### Required action
Copy out every line holding the string "name" from the records below.

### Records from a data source
[Start of Attachment]

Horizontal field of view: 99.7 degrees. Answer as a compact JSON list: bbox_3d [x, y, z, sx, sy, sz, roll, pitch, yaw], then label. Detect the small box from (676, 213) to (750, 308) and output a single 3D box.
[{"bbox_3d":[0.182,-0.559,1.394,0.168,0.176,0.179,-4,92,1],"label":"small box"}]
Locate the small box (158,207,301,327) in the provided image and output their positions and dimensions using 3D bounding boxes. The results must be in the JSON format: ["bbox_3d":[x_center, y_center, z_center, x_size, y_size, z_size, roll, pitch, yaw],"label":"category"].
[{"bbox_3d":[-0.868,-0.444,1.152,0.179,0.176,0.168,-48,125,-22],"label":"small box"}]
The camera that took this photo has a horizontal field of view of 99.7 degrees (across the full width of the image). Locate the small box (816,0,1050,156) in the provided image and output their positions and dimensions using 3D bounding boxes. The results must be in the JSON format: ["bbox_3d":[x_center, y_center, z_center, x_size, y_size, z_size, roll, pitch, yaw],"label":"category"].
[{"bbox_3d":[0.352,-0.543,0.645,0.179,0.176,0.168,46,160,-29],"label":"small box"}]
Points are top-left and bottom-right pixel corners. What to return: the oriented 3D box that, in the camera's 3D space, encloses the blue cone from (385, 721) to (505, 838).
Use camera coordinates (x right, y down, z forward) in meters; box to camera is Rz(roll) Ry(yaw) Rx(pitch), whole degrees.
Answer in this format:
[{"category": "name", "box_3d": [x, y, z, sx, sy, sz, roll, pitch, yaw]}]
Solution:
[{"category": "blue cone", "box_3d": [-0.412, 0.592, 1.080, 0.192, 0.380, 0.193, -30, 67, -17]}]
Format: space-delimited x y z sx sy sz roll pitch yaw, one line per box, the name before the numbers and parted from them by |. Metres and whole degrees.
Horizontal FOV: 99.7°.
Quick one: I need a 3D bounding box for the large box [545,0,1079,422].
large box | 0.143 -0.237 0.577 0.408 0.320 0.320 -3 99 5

[End of Attachment]

### Output below
[{"category": "name", "box_3d": [x, y, z, sx, sy, sz, roll, pitch, yaw]}]
Format: space-delimited x y z sx sy sz roll pitch yaw, one line per box, the name before the numbers and parted from them by |. Metres and whole degrees.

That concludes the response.